Mr Shapps said that every transport sector had to adjust to the crisis. He said he was pleased with the performance of every structure in place.
When he spoke on Wednesday, London Underground usage had reduced by 91%, but that the number of freight trains had been increased and that rail freight workers had been designated as key workers.
Asked about staffing shortages in rail control centres, Mr Shapps said he had discussed this with Andrew Haines, Chief Executive of Network Rail. He said that in general, control room environments were sustaining well. Staff were turning up for work.
The Secretary of State said he had been informed about problems in one location, which were now resolved, and praised Network Rail in doing a great job in monitoring the situation.
He was asked by MP Sam Tarry about whether non-essential staff (such as ticket barrier staff) could be stood down to ensure the railway operated with skeleton staff.
He said that ticket sales had reduced by 98% compared to last year. Given the falls in revenue, he did not expect ticket barrier or office staff to be working at the moment, but he would look further into the issue.
There had already been an 84% reduction in footfall on passenger services compared to last year, before the recent measures were taken to reduce rail timetables. Rail operators would therefore be getting close to running a skeleton staffing service.
Sam Parry also asked about the Secretary of State’s discussions with the Mayor of London about reinstating Underground services during rush hour.

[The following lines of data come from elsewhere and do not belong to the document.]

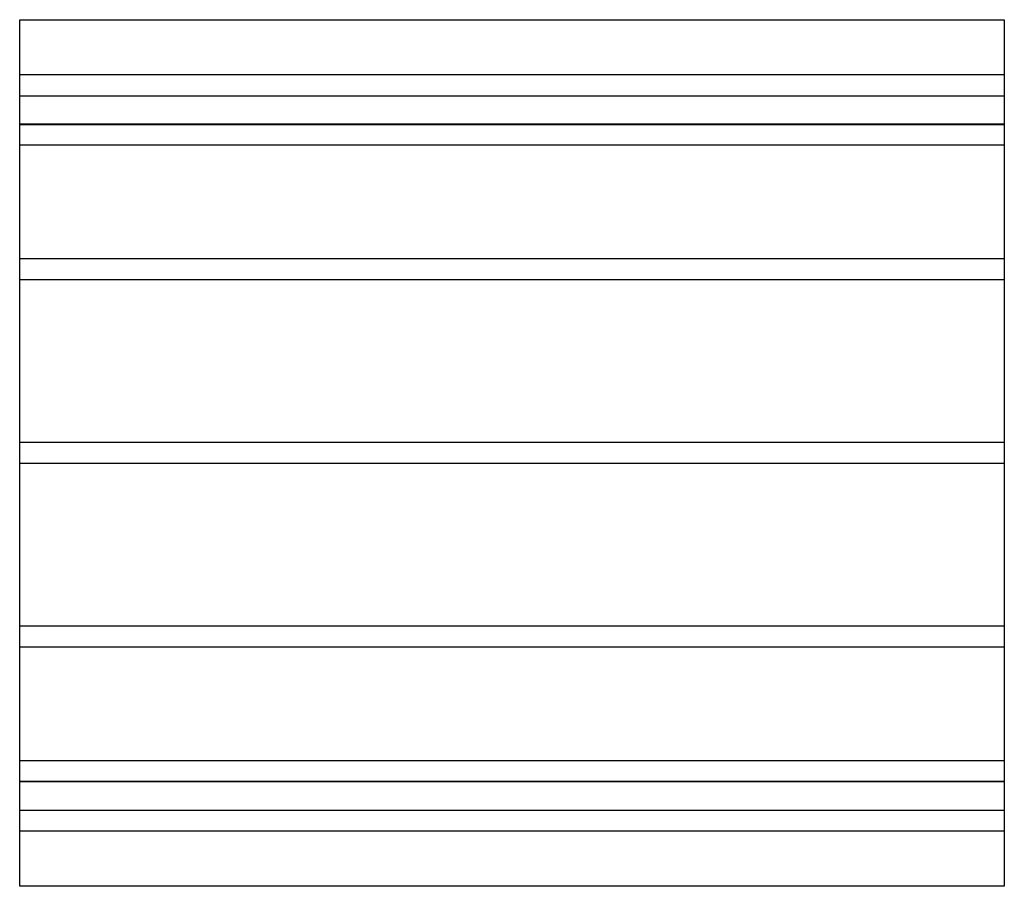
# Model space of a CAD drawing. Header units: millimetres. Extents: x -375 to 375, y -330 to 330.
import ezdxf

# ---------------------------------------------------------------- set-up
doc = ezdxf.new("R2010")
doc.units = ezdxf.units.MM
doc.layers.add('HIDDEN', color=7, linetype='Continuous')
doc.layers.add('THICK', color=7, linetype='Continuous')

msp = doc.modelspace()

# ---------------------------------------------------------------- linework, layer by layer
at = {"layer": 'HIDDEN'}
for p, q in [((375, 288), (-375, 288)), ((-375, 272), (375, 272)), ((375, 250.49), (-375, 250.49)), ((375, 250.49), (-375, 250.49)), ((375, 250), (-375, 250)), ((375, 234.49), (-375, 234.49)), ((375, 234.49), (-375, 234.49)), ((375, 148), (-375, 148)), ((375, 148), (-375, 148)), ((375, 132), (-375, 132)), ((375, 132), (-375, 132)), ((375, 8), (-375, 8)), ((375, 8), (-375, 8)), ((375, -8), (-375, -8)), ((375, -8), (-375, -8)), ((375, -132), (-375, -132)), ((375, -132), (-375, -132)), ((375, -148), (-375, -148)), ((375, -148), (-375, -148)), ((375, -234.49), (-375, -234.49)), ((375, -234.49), (-375, -234.49)), ((-375, -250), (375, -250)), ((375, -250.49), (-375, -250.49)), ((375, -250.49), (-375, -250.49)), ((-375, -272), (375, -272)), ((375, -288), (-375, -288))]:
    msp.add_line(p, q, dxfattribs=at)
at = {"layer": 'THICK'}
for p, q in [((-375, -330), (-375, 330)), ((-375, 330), (375, 330)), ((375, 330), (375, -330)), ((375, -330), (-375, -330))]:
    msp.add_line(p, q, dxfattribs=at)

doc.saveas('drawing.dxf')
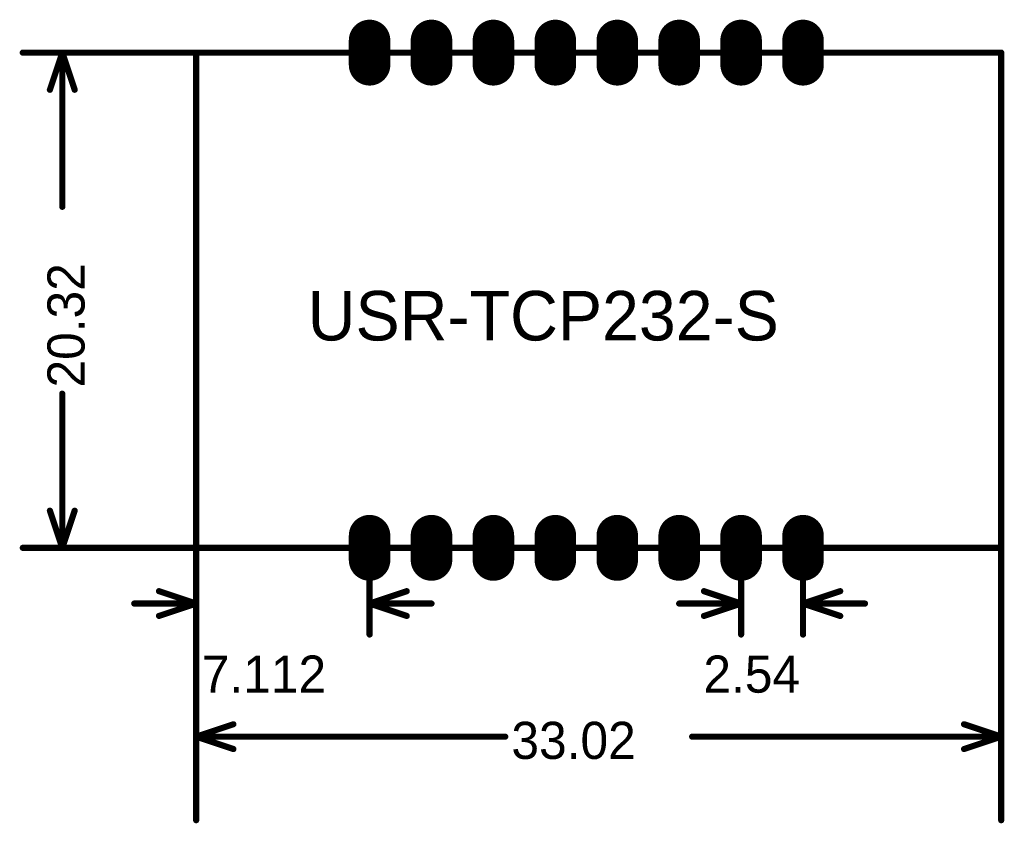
# Model space of a CAD drawing. Extents: x 246.3 to 286.6, y 147.2 to 180.2.
import ezdxf

# ---------------------------------------------------------------- set-up
doc = ezdxf.new("R2010")
doc.units = 0
for name, color, linetype in [('BOTTOMSOLDER', 6, 'CONTINUOUS'), ('KEEPOUTLAYER', 6, 'CONTINUOUS'), ('MECHANICAL3', 76, 'CONTINUOUS'), ('MULTILAYER', 9, 'CONTINUOUS'), ('TOPSOLDER', 216, 'CONTINUOUS')]:
    doc.layers.add(name, color=color, linetype=linetype)

msp = doc.modelspace()

# ---------------------------------------------------------------- linework, layer by layer
at = {"layer": 'BOTTOMSOLDER', "const_width": 1.7032}
for points in [[(260.604, 179.315999), (260.604, 178.316001)], [(263.144, 179.315999), (263.144, 178.316001)], [(265.684, 179.315999), (265.684, 178.316001)], [(268.224, 179.315999), (268.224, 178.316001)], [(270.764, 179.315999), (270.764, 178.316001)], [(273.304, 179.315999), (273.304, 178.316001)], [(275.844, 179.315999), (275.844, 178.316001)], [(278.384, 179.315999), (278.384, 178.316001)], [(260.604, 158.995999), (260.604, 157.996001)], [(263.144, 158.995999), (263.144, 157.996001)], [(265.684, 158.995999), (265.684, 157.996001)], [(268.224, 158.995999), (268.224, 157.996001)], [(270.764, 158.995999), (270.764, 157.996001)], [(273.304, 158.995999), (273.304, 157.996001)], [(275.844, 158.995999), (275.844, 157.996001)], [(278.384, 158.995999), (278.384, 157.996001)]]:
    msp.add_lwpolyline(points, dxfattribs=at)
at = {"layer": 'BOTTOMSOLDER', "const_width": 0.851598}
for points in [[(260.178199, 179.315999, 1), (261.029801, 179.315999, 1)], [(262.718199, 179.315999, 1), (263.569801, 179.315999, 1)], [(265.258199, 179.315999, 1), (266.109801, 179.315999, 1)], [(267.798199, 179.315999, 1), (268.649801, 179.315999, 1)], [(270.338199, 179.315999, 1), (271.189801, 179.315999, 1)], [(272.878199, 179.315999, 1), (273.729801, 179.315999, 1)], [(275.418199, 179.315999, 1), (276.269801, 179.315999, 1)], [(277.958199, 179.315999, 1), (278.809801, 179.315999, 1)], [(260.178199, 178.316001, 1), (261.029801, 178.316001, 1)], [(262.718199, 178.316001, 1), (263.569801, 178.316001, 1)], [(265.258199, 178.316001, 1), (266.109801, 178.316001, 1)], [(267.798199, 178.316001, 1), (268.649801, 178.316001, 1)], [(270.338199, 178.316001, 1), (271.189801, 178.316001, 1)], [(272.878199, 178.316001, 1), (273.729801, 178.316001, 1)], [(275.418199, 178.316001, 1), (276.269801, 178.316001, 1)], [(277.958199, 178.316001, 1), (278.809801, 178.316001, 1)], [(260.178199, 158.995999, 1), (261.029801, 158.995999, 1)], [(262.718199, 158.995999, 1), (263.569801, 158.995999, 1)], [(265.258199, 158.995999, 1), (266.109801, 158.995999, 1)], [(267.798199, 158.995999, 1), (268.649801, 158.995999, 1)], [(270.338199, 158.995999, 1), (271.189801, 158.995999, 1)], [(272.878199, 158.995999, 1), (273.729801, 158.995999, 1)], [(275.418199, 158.995999, 1), (276.269801, 158.995999, 1)], [(277.958199, 158.995999, 1), (278.809801, 158.995999, 1)], [(260.178199, 157.996001, 1), (261.029801, 157.996001, 1)], [(262.718199, 157.996001, 1), (263.569801, 157.996001, 1)], [(265.258199, 157.996001, 1), (266.109801, 157.996001, 1)], [(267.798199, 157.996001, 1), (268.649801, 157.996001, 1)], [(270.338199, 157.996001, 1), (271.189801, 157.996001, 1)], [(272.878199, 157.996001, 1), (273.729801, 157.996001, 1)], [(275.418199, 157.996001, 1), (276.269801, 157.996001, 1)], [(277.958199, 157.996001, 1), (278.809801, 157.996001, 1)]]:
    msp.add_lwpolyline(points, format="xyb", close=True, dxfattribs=at)
at = {"layer": 'KEEPOUTLAYER', "const_width": 0.254}
for points in [[(253.492, 158.496), (253.492, 178.816)], [(253.492, 178.816), (286.512, 178.816)], [(286.512, 158.496), (286.512, 178.816)], [(253.492, 158.496), (286.512, 158.496)]]:
    msp.add_lwpolyline(points, dxfattribs=at)
at = {"layer": 'KEEPOUTLAYER', "const_width": 0.127}
for points in [[(253.4285, 178.816, 1), (253.5555, 178.816, 1)], [(253.4285, 178.816, 1), (253.5555, 178.816, 1)], [(286.4485, 178.816, 1), (286.5755, 178.816, 1)], [(286.4485, 178.816, 1), (286.5755, 178.816, 1)], [(253.4285, 158.496, 1), (253.5555, 158.496, 1)], [(253.4285, 158.496, 1), (253.5555, 158.496, 1)], [(286.4485, 158.496, 1), (286.5755, 158.496, 1)], [(286.4485, 158.496, 1), (286.5755, 158.496, 1)]]:
    msp.add_lwpolyline(points, format="xyb", close=True, dxfattribs=at)
at = {"layer": 'MECHANICAL3', "const_width": 0.254}
for points in [[(246.38, 178.816), (253.492, 178.816)], [(247.491999, 177.292), (247.999999, 178.816)], [(247.745999, 178.816), (248.253999, 178.816)], [(247.999999, 172.490293), (247.999999, 178.816)], [(247.999999, 178.816), (248.507999, 177.292)], [(247.999999, 158.496), (247.999999, 164.821707)], [(247.491999, 160.02), (247.999999, 158.496)], [(247.999999, 158.496), (248.507999, 160.02)], [(246.38, 158.496), (253.492, 158.496)], [(247.745999, 158.496), (248.253999, 158.496)], [(253.492, 147.32), (253.492, 158.496)], [(260.604, 154.94), (260.604, 158.496)], [(275.844, 154.94), (275.844, 158.496)], [(278.384, 154.94), (278.384, 158.496)], [(286.512, 147.32), (286.512, 158.496)], [(251.968, 156.718), (253.492, 156.21)], [(260.604, 156.21), (262.128, 156.718)], [(274.32, 156.718), (275.844, 156.21)], [(278.384, 156.21), (279.908, 156.718)], [(250.952, 156.21), (253.492, 156.21)], [(251.968, 155.702), (253.492, 156.21)], [(253.492, 155.956), (253.492, 156.464)], [(260.604, 155.956), (260.604, 156.464)], [(260.604, 156.21), (263.144, 156.21)], [(260.604, 156.21), (262.128, 155.702)], [(273.304, 156.21), (275.844, 156.21)], [(274.32, 155.702), (275.844, 156.21)], [(275.844, 155.956), (275.844, 156.464)], [(278.384, 155.956), (278.384, 156.464)], [(278.384, 156.21), (280.924, 156.21)], [(278.384, 156.21), (279.908, 155.702)], [(253.492, 150.749), (255.016, 151.257)], [(253.492, 150.495), (253.492, 151.003)], [(284.988, 151.257), (286.512, 150.749)], [(286.512, 150.495), (286.512, 151.003)], [(253.492, 150.749), (266.16771, 150.749)], [(253.492, 150.749), (255.016, 150.241)], [(273.83629, 150.749), (286.512, 150.749)], [(284.988, 150.241), (286.512, 150.749)]]:
    msp.add_lwpolyline(points, dxfattribs=at)
at = {"layer": 'MECHANICAL3', "const_width": 0.127}
for points in [[(246.3165, 178.816, 1), (246.4435, 178.816, 1)], [(247.682499, 178.816, 1), (247.809499, 178.816, 1)], [(247.936499, 178.816, 1), (248.063499, 178.816, 1)], [(247.936499, 178.816, 1), (248.063499, 178.816, 1)], [(247.936499, 178.816, 1), (248.063499, 178.816, 1)], [(248.190499, 178.816, 1), (248.317499, 178.816, 1)], [(253.4285, 178.816, 1), (253.5555, 178.816, 1)], [(247.428499, 177.292, 1), (247.555499, 177.292, 1)], [(248.444499, 177.292, 1), (248.571499, 177.292, 1)], [(247.936499, 172.490293, 1), (248.063499, 172.490293, 1)], [(247.936499, 164.821707, 1), (248.063499, 164.821707, 1)], [(247.428499, 160.02, 1), (247.555499, 160.02, 1)], [(248.444499, 160.02, 1), (248.571499, 160.02, 1)], [(246.3165, 158.496, 1), (246.4435, 158.496, 1)], [(247.682499, 158.496, 1), (247.809499, 158.496, 1)], [(247.936499, 158.496, 1), (248.063499, 158.496, 1)], [(247.936499, 158.496, 1), (248.063499, 158.496, 1)], [(247.936499, 158.496, 1), (248.063499, 158.496, 1)], [(248.190499, 158.496, 1), (248.317499, 158.496, 1)], [(253.4285, 158.496, 1), (253.5555, 158.496, 1)], [(253.4285, 158.496, 1), (253.5555, 158.496, 1)], [(260.5405, 158.496, 1), (260.6675, 158.496, 1)], [(275.7805, 158.496, 1), (275.9075, 158.496, 1)], [(278.3205, 158.496, 1), (278.4475, 158.496, 1)], [(286.4485, 158.496, 1), (286.5755, 158.496, 1)], [(251.9045, 156.718, 1), (252.0315, 156.718, 1)], [(262.0645, 156.718, 1), (262.1915, 156.718, 1)], [(274.2565, 156.718, 1), (274.3835, 156.718, 1)], [(279.8445, 156.718, 1), (279.9715, 156.718, 1)], [(250.8885, 156.21, 1), (251.0155, 156.21, 1)], [(253.4285, 156.464, 1), (253.5555, 156.464, 1)], [(253.4285, 156.21, 1), (253.5555, 156.21, 1)], [(253.4285, 156.21, 1), (253.5555, 156.21, 1)], [(253.4285, 156.21, 1), (253.5555, 156.21, 1)], [(260.5405, 156.464, 1), (260.6675, 156.464, 1)], [(260.5405, 156.21, 1), (260.6675, 156.21, 1)], [(260.5405, 156.21, 1), (260.6675, 156.21, 1)], [(260.5405, 156.21, 1), (260.6675, 156.21, 1)], [(263.0805, 156.21, 1), (263.2075, 156.21, 1)], [(273.2405, 156.21, 1), (273.3675, 156.21, 1)], [(275.7805, 156.464, 1), (275.9075, 156.464, 1)], [(275.7805, 156.21, 1), (275.9075, 156.21, 1)], [(275.7805, 156.21, 1), (275.9075, 156.21, 1)], [(275.7805, 156.21, 1), (275.9075, 156.21, 1)], [(278.3205, 156.464, 1), (278.4475, 156.464, 1)], [(278.3205, 156.21, 1), (278.4475, 156.21, 1)], [(278.3205, 156.21, 1), (278.4475, 156.21, 1)], [(278.3205, 156.21, 1), (278.4475, 156.21, 1)], [(280.8605, 156.21, 1), (280.9875, 156.21, 1)], [(253.4285, 155.956, 1), (253.5555, 155.956, 1)], [(260.5405, 155.956, 1), (260.6675, 155.956, 1)], [(275.7805, 155.956, 1), (275.9075, 155.956, 1)], [(278.3205, 155.956, 1), (278.4475, 155.956, 1)], [(251.9045, 155.702, 1), (252.0315, 155.702, 1)], [(262.0645, 155.702, 1), (262.1915, 155.702, 1)], [(274.2565, 155.702, 1), (274.3835, 155.702, 1)], [(279.8445, 155.702, 1), (279.9715, 155.702, 1)], [(260.5405, 154.94, 1), (260.6675, 154.94, 1)], [(275.7805, 154.94, 1), (275.9075, 154.94, 1)], [(278.3205, 154.94, 1), (278.4475, 154.94, 1)], [(253.4285, 151.003, 1), (253.5555, 151.003, 1)], [(254.9525, 151.257, 1), (255.0795, 151.257, 1)], [(284.9245, 151.257, 1), (285.0515, 151.257, 1)], [(286.4485, 151.003, 1), (286.5755, 151.003, 1)], [(253.4285, 150.749, 1), (253.5555, 150.749, 1)], [(253.4285, 150.749, 1), (253.5555, 150.749, 1)], [(253.4285, 150.749, 1), (253.5555, 150.749, 1)], [(266.10421, 150.749, 1), (266.23121, 150.749, 1)], [(273.77279, 150.749, 1), (273.89979, 150.749, 1)], [(286.4485, 150.749, 1), (286.5755, 150.749, 1)], [(286.4485, 150.749, 1), (286.5755, 150.749, 1)], [(286.4485, 150.749, 1), (286.5755, 150.749, 1)], [(253.4285, 150.495, 1), (253.5555, 150.495, 1)], [(254.9525, 150.241, 1), (255.0795, 150.241, 1)], [(284.9245, 150.241, 1), (285.0515, 150.241, 1)], [(286.4485, 150.495, 1), (286.5755, 150.495, 1)], [(253.4285, 147.32, 1), (253.5555, 147.32, 1)], [(286.4485, 147.32, 1), (286.5755, 147.32, 1)]]:
    msp.add_lwpolyline(points, format="xyb", close=True, dxfattribs=at)
at = {"layer": 'MULTILAYER', "const_width": 0.749999}
for points in [[(260.228999, 179.315999, 1), (260.979001, 179.315999, 1)], [(262.768999, 179.315999, 1), (263.519001, 179.315999, 1)], [(265.308999, 179.315999, 1), (266.059001, 179.315999, 1)], [(267.848999, 179.315999, 1), (268.599001, 179.315999, 1)], [(270.388999, 179.315999, 1), (271.139001, 179.315999, 1)], [(272.928999, 179.315999, 1), (273.679001, 179.315999, 1)], [(275.468999, 179.315999, 1), (276.219001, 179.315999, 1)], [(278.008999, 179.315999, 1), (278.759001, 179.315999, 1)], [(260.228999, 178.316001, 1), (260.979001, 178.316001, 1)], [(262.768999, 178.316001, 1), (263.519001, 178.316001, 1)], [(265.308999, 178.316001, 1), (266.059001, 178.316001, 1)], [(267.848999, 178.316001, 1), (268.599001, 178.316001, 1)], [(270.388999, 178.316001, 1), (271.139001, 178.316001, 1)], [(272.928999, 178.316001, 1), (273.679001, 178.316001, 1)], [(275.468999, 178.316001, 1), (276.219001, 178.316001, 1)], [(278.008999, 178.316001, 1), (278.759001, 178.316001, 1)], [(260.228999, 158.995999, 1), (260.979001, 158.995999, 1)], [(262.768999, 158.995999, 1), (263.519001, 158.995999, 1)], [(265.308999, 158.995999, 1), (266.059001, 158.995999, 1)], [(267.848999, 158.995999, 1), (268.599001, 158.995999, 1)], [(270.388999, 158.995999, 1), (271.139001, 158.995999, 1)], [(272.928999, 158.995999, 1), (273.679001, 158.995999, 1)], [(275.468999, 158.995999, 1), (276.219001, 158.995999, 1)], [(278.008999, 158.995999, 1), (278.759001, 158.995999, 1)], [(260.228999, 157.996001, 1), (260.979001, 157.996001, 1)], [(262.768999, 157.996001, 1), (263.519001, 157.996001, 1)], [(265.308999, 157.996001, 1), (266.059001, 157.996001, 1)], [(267.848999, 157.996001, 1), (268.599001, 157.996001, 1)], [(270.388999, 157.996001, 1), (271.139001, 157.996001, 1)], [(272.928999, 157.996001, 1), (273.679001, 157.996001, 1)], [(275.468999, 157.996001, 1), (276.219001, 157.996001, 1)], [(278.008999, 157.996001, 1), (278.759001, 157.996001, 1)]]:
    msp.add_lwpolyline(points, format="xyb", close=True, dxfattribs=at)
at = {"layer": 'MULTILAYER', "const_width": 1.5}
for points in [[(260.604, 179.315999), (260.604, 178.316001)], [(263.144, 179.315999), (263.144, 178.316001)], [(265.684, 179.315999), (265.684, 178.316001)], [(268.224, 179.315999), (268.224, 178.316001)], [(270.764, 179.315999), (270.764, 178.316001)], [(273.304, 179.315999), (273.304, 178.316001)], [(275.844, 179.315999), (275.844, 178.316001)], [(278.384, 179.315999), (278.384, 178.316001)], [(260.604, 158.995999), (260.604, 157.996001)], [(263.144, 158.995999), (263.144, 157.996001)], [(265.684, 158.995999), (265.684, 157.996001)], [(268.224, 158.995999), (268.224, 157.996001)], [(270.764, 158.995999), (270.764, 157.996001)], [(273.304, 158.995999), (273.304, 157.996001)], [(275.844, 158.995999), (275.844, 157.996001)], [(278.384, 158.995999), (278.384, 157.996001)]]:
    msp.add_lwpolyline(points, dxfattribs=at)
at = {"layer": 'TOPSOLDER', "const_width": 1.7032}
for points in [[(260.604, 179.315999), (260.604, 178.316001)], [(263.144, 179.315999), (263.144, 178.316001)], [(265.684, 179.315999), (265.684, 178.316001)], [(268.224, 179.315999), (268.224, 178.316001)], [(270.764, 179.315999), (270.764, 178.316001)], [(273.304, 179.315999), (273.304, 178.316001)], [(275.844, 179.315999), (275.844, 178.316001)], [(278.384, 179.315999), (278.384, 178.316001)], [(260.604, 158.995999), (260.604, 157.996001)], [(263.144, 158.995999), (263.144, 157.996001)], [(265.684, 158.995999), (265.684, 157.996001)], [(268.224, 158.995999), (268.224, 157.996001)], [(270.764, 158.995999), (270.764, 157.996001)], [(273.304, 158.995999), (273.304, 157.996001)], [(275.844, 158.995999), (275.844, 157.996001)], [(278.384, 158.995999), (278.384, 157.996001)]]:
    msp.add_lwpolyline(points, dxfattribs=at)
at = {"layer": 'TOPSOLDER', "const_width": 0.851598}
for points in [[(260.178199, 179.315999, 1), (261.029801, 179.315999, 1)], [(262.718199, 179.315999, 1), (263.569801, 179.315999, 1)], [(265.258199, 179.315999, 1), (266.109801, 179.315999, 1)], [(267.798199, 179.315999, 1), (268.649801, 179.315999, 1)], [(270.338199, 179.315999, 1), (271.189801, 179.315999, 1)], [(272.878199, 179.315999, 1), (273.729801, 179.315999, 1)], [(275.418199, 179.315999, 1), (276.269801, 179.315999, 1)], [(277.958199, 179.315999, 1), (278.809801, 179.315999, 1)], [(260.178199, 178.316001, 1), (261.029801, 178.316001, 1)], [(262.718199, 178.316001, 1), (263.569801, 178.316001, 1)], [(265.258199, 178.316001, 1), (266.109801, 178.316001, 1)], [(267.798199, 178.316001, 1), (268.649801, 178.316001, 1)], [(270.338199, 178.316001, 1), (271.189801, 178.316001, 1)], [(272.878199, 178.316001, 1), (273.729801, 178.316001, 1)], [(275.418199, 178.316001, 1), (276.269801, 178.316001, 1)], [(277.958199, 178.316001, 1), (278.809801, 178.316001, 1)], [(260.178199, 158.995999, 1), (261.029801, 158.995999, 1)], [(262.718199, 158.995999, 1), (263.569801, 158.995999, 1)], [(265.258199, 158.995999, 1), (266.109801, 158.995999, 1)], [(267.798199, 158.995999, 1), (268.649801, 158.995999, 1)], [(270.338199, 158.995999, 1), (271.189801, 158.995999, 1)], [(272.878199, 158.995999, 1), (273.729801, 158.995999, 1)], [(275.418199, 158.995999, 1), (276.269801, 158.995999, 1)], [(277.958199, 158.995999, 1), (278.809801, 158.995999, 1)], [(260.178199, 157.996001, 1), (261.029801, 157.996001, 1)], [(262.718199, 157.996001, 1), (263.569801, 157.996001, 1)], [(265.258199, 157.996001, 1), (266.109801, 157.996001, 1)], [(267.798199, 157.996001, 1), (268.649801, 157.996001, 1)], [(270.338199, 157.996001, 1), (271.189801, 157.996001, 1)], [(272.878199, 157.996001, 1), (273.729801, 157.996001, 1)], [(275.418199, 157.996001, 1), (276.269801, 157.996001, 1)], [(277.958199, 157.996001, 1), (278.809801, 157.996001, 1)]]:
    msp.add_lwpolyline(points, format="xyb", close=True, dxfattribs=at)

# ---------------------------------------------------------------- texts
at = {"layer": 'MECHANICAL3'}
msp.add_text('20.32', height=1.524, rotation=90, dxfattribs=at).set_placement((248.914153, 165.075707))
for s, height, p in [('USR-TCP232-S', 2.032, (258.064, 167.005)), ('7.112', 1.524, (253.721629, 152.553386)), ('2.54', 1.524, (274.295464, 152.553386)), ('33.02', 1.524, (266.42171, 149.834846))]:
    msp.add_text(s, height=height, dxfattribs=at).set_placement(p)

doc.saveas('drawing.dxf')

Mr Shapps said he had been very careful not to enter a public political disagreement with the Mayor. He said Andy McDonald MP, the Shadow Secretary of State for Transport, had been helpful and offered constructive ideas.
Mr Shapps said services on the Underground had been reduced too much compared to the number of people who still needed to work. The problem was not solely construction workers needing to travel. He has spoken to the Mayor of London raising six different points to improve the situation, based on information available to the Department for Transport internally.